Haimbodi’s church documents reveal that she was born on May 15, 1939 at Okanghudi; baptised in the Anglican Church at Onamunama on August 15, 1945 and married to Henock Haufiku Petrus in September 1956.
Henock said his mother’s national documents got lost many years ago when she was mentally ill.
“She was mentally ill long before I went into exile in 1978, but her condition has ever since stabilised. She has currently neither a birth certificate nor an ID card. We have tried to get her issued with all the relevant documents and to register her for the old-age pension, but the process has been frustrated by Home Affairs officials using a variety of excuses,” he said.
“On several occasions,” he said, “they demanded that we produce declarations from many different people, but they were never satisfied with such documents when we presented them.”
He said in 2007 the family presented a letter from the headman of Ohamikoka village where Haimbodi currently lives, but the officials then wanted to see a declaration from Epembe Constituency Councillor Johannes Nakwafila.
Nakwafila wrote a letter of reference on November 6, 2008, but still the officials refused to issue Haimbodi with an ID or a birth certificate, demanding instead a declaration from the headman of Okanghudi village, where Haimbodi was born.
When the declaration from the acting headman of President Hifikepunye Pohamba’s village was presented, the officials were allegedly still not satisfied and demanded a declaration from a close relative.

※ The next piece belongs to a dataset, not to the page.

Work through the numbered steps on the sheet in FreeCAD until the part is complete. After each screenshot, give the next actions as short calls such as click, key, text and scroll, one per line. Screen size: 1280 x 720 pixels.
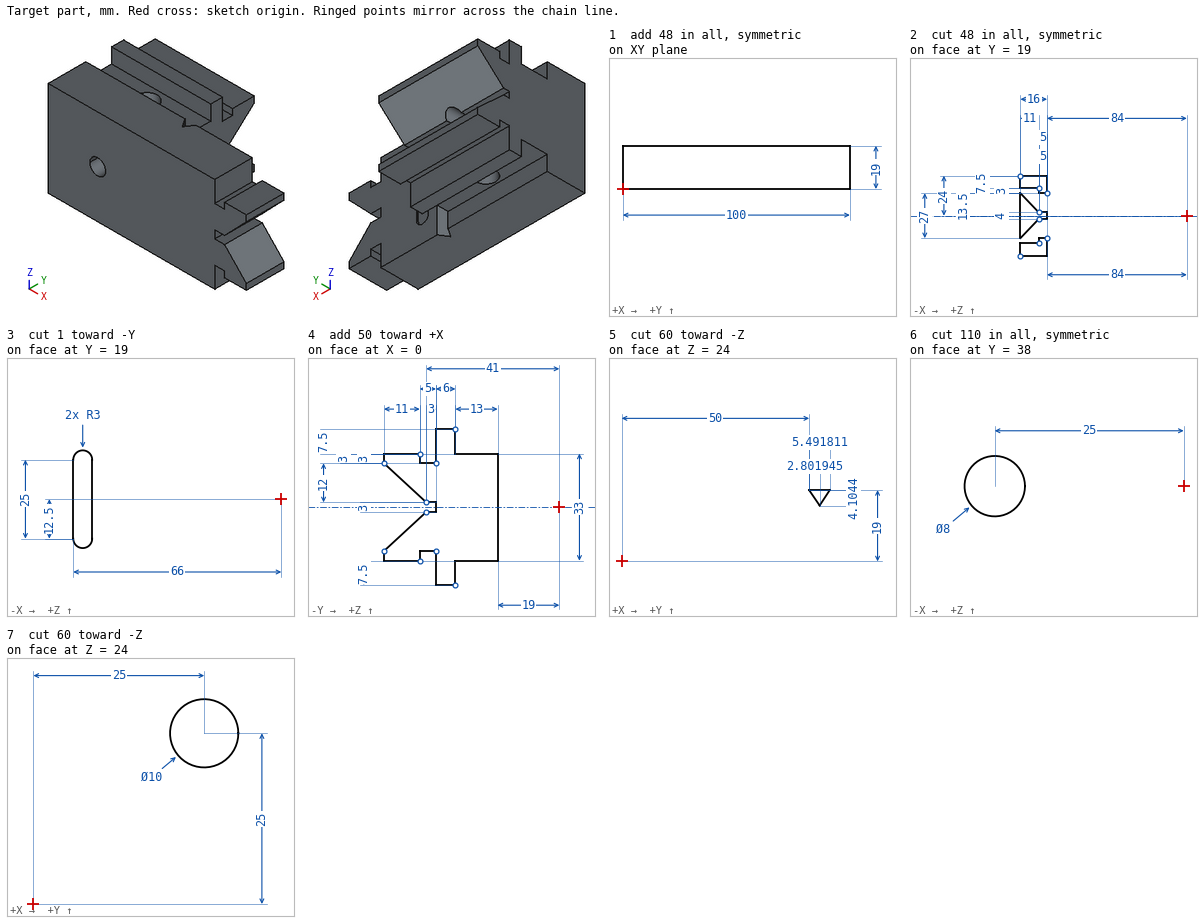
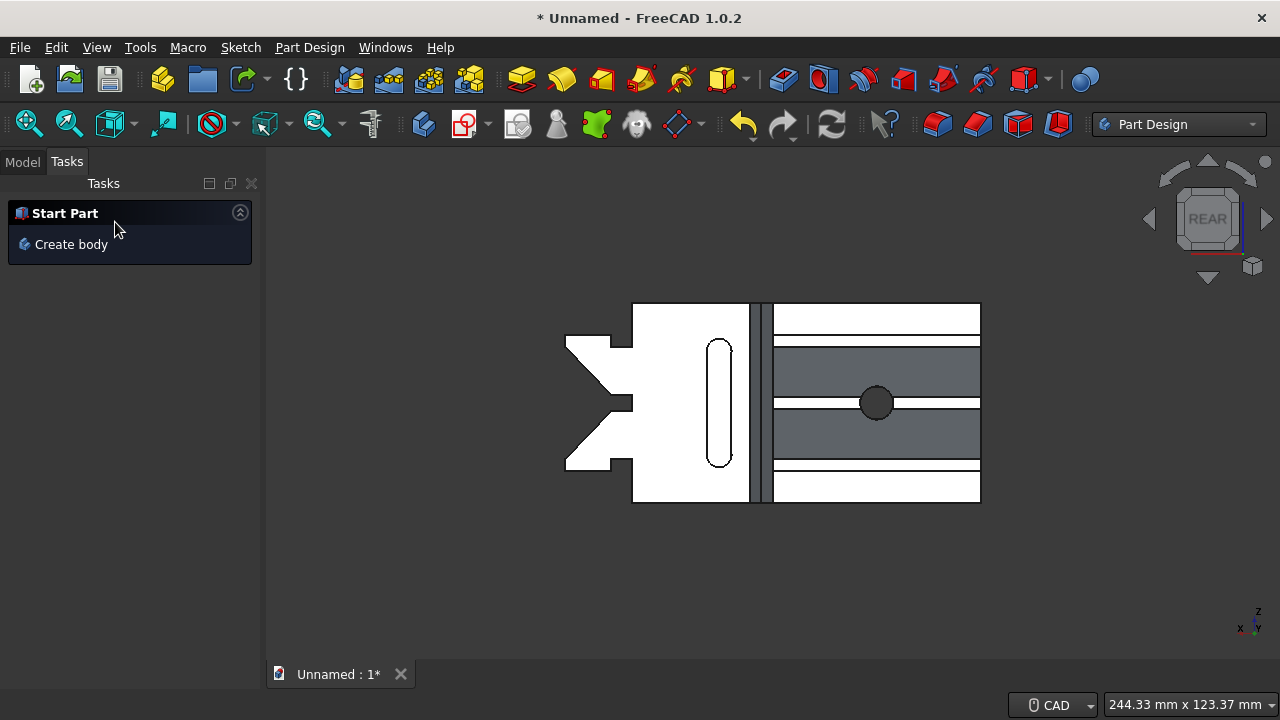
click(30, 124)

Haimbodi’s elder sister, Maria, wrote a sworn statement dated August 26, 2009 but this was not enough either. “The officials’ new excuse was that Haimbodi was too old to be issued with an ID or a birth certificate,” Henock said.
He said after going through the same process over and over again Haimbodi’s relatives no longer know what to do.
The ministry’s spokesperson, Salome Kambala, has promised to personally take up the matter and make sure that the elderly woman is issued with the necessary documents.
She said Haimbodi’s marriage certificate, a statement from the village headman and a sworn declaration by a relative who is in possession of a valid Namibian ID as well as a health passport proving that she was indeed ill, would be enough to get her issued with national documents.
“Let them get in touch with me; I will take up the matter,” she said.